REPUBLIKA.CO.ID, JAKARTA -- Pendidikan tinggi di Indonesia harus lebih cepat bergerak agar mampu bersaing di di tingkat dunia. Transformasi pendidikan tingi punya dampak yang sangat besar terhadap peningkatan jumlah lulusan.
Jumlah lulusan perguruan tinggi baik negeri maupun swasta terus meningkat sejak 2015. Pada 2018, meningkat sebanyak 11 persen. Hal ini juga diimbangi dengan meningkatnya nilai akreditasi perguruan tinggi.
Prof Ir Nizam, Direktur Jendral Pendidikan Tinggi Kementerian Pendidikan dan Kebudayaan (Ditjen Dikti Kemendikbud) mengatakan transformasi pendidikan tinggi ini memerlukan pendanaan yang cukup besar jumlahnya. Saat ini, pendanaan pendidikan tinggi di Indonesia masih rendah dibandingkan negera-negara lainnya.

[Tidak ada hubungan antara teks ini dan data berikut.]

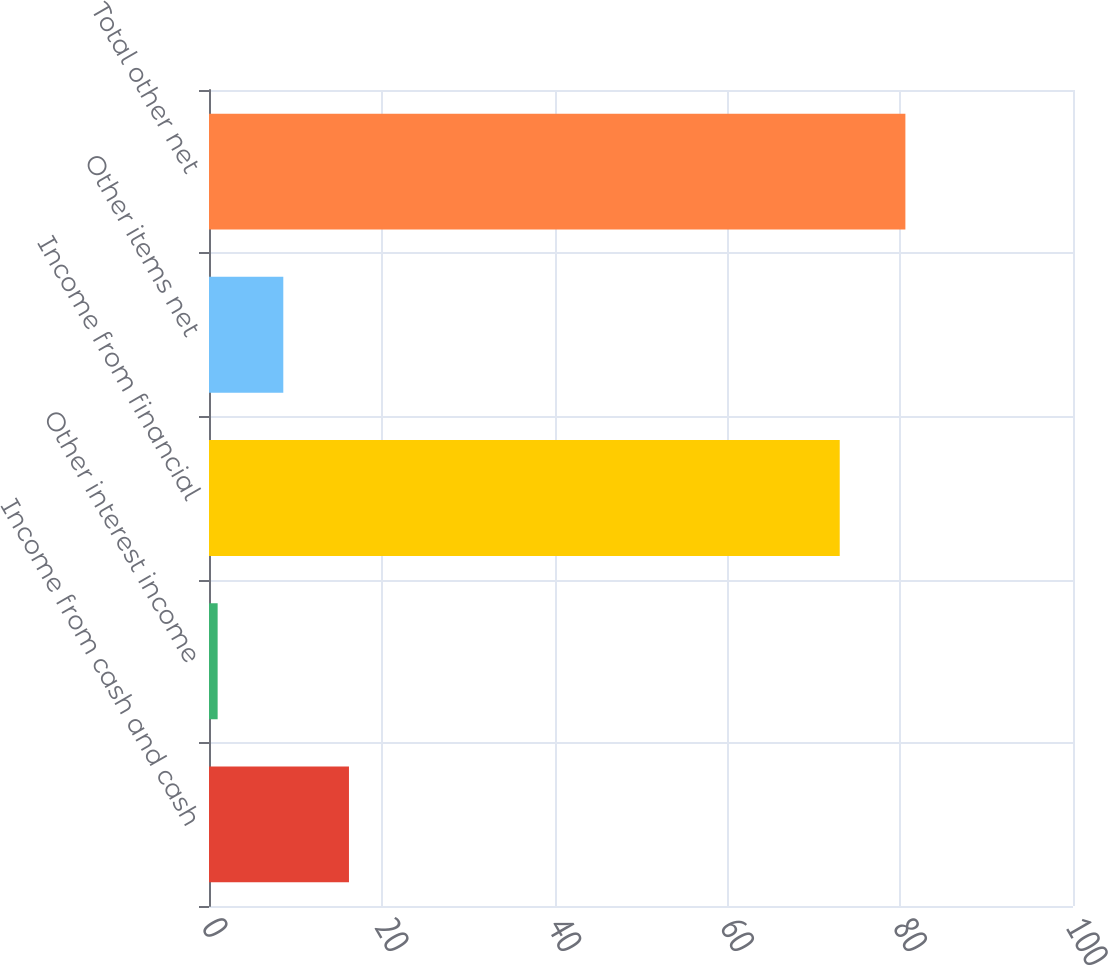Convert chart to OTSL. <chart><loc_0><loc_0><loc_500><loc_500><bar_chart><fcel>Income from cash and cash<fcel>Other interest income<fcel>Income from financial<fcel>Other items net<fcel>Total other net<nl><fcel>16.2<fcel>1<fcel>73<fcel>8.6<fcel>80.6<nl></chart>

“Tahun 2020, rata-rata pengeluaran pendidikan per lulusan di Indonesia adalah sekitar Rp 28 juta,” ungkap Nizam dalam keterangan tertulis, Rabu (11/4).
Ia melanjutkan di tahun 2021, Kemendikbuf akan meningkatkan total anggaran yang akan disalurkan pada perguruan tinggi baik negeri ataupun swasta sebesar 70% atau senilai Rp 4,95 triliun.
“Dengan rincian kurang lebih Rp 250 miliar untuk 'matching fund' atau dana penyeimbang kontribusi mitra, kemudian kurang lebih Rp 500 miliar untuk 'competitive fund' atau program kompetisi kampus merdeka, lalu dana kurang lebih Rp 1,3 triliun digunakan untuk tambahan BOPTN, BPPTNBH dan insentif IKU,” paparnya.
Ia menjelaskan, peningkatan pendanaan tersebut menyasar tiga tujuan utama yakni agar lulusan perguruan tinggi lebih mudah dapat pekerjaan dan berpenghasilan layak; dosen lebih mengerti kebutuhan masyarakat dan industry; dan kurikulum pendidikan tinggi lebih mengasah keterampilan kolaborasi dan pemecahan masalah.
“Indikator Kinerja Utama (IKU) akan menjadi landasan transformasi pendidikan tinggi, yang mencakup tiga poin utama yakni kualitas lulusan, kualitas kurikulum, dan kualitas dosen dan pengajar,” kata Nizam.
Poin kualitas lulusan, kata dia, meliputi lulusan harus mendapat pekerjaan yang layak dengan upah di atas UMR, menjadi wirausaha, atau lanjut studi, mahasiswa mendapat pengalaman di luar kampus dengan program magang, proyek desa, mengajar, riset, berwirausaha, pertukaran pelajar.
Selanjutnya pada poin kualiatas dosen dan pengajar meliputi dosen berkegiatan di luar kampus mencari pengalaman industri atau lainnya dan praktisi mengajar di dalam kampus perlu merekrut dosen dengan pengalaman industri.
“Pada poin ketiga yakni kualitas kurikulum meliputi program studi bekerja sama dengan mitra kelas dunia, kelas yang kolaboratif dan partisipatif dan program studi berstandar internasional dengan memperoleh akreditasi tingkat internasional,” tegas Nizam.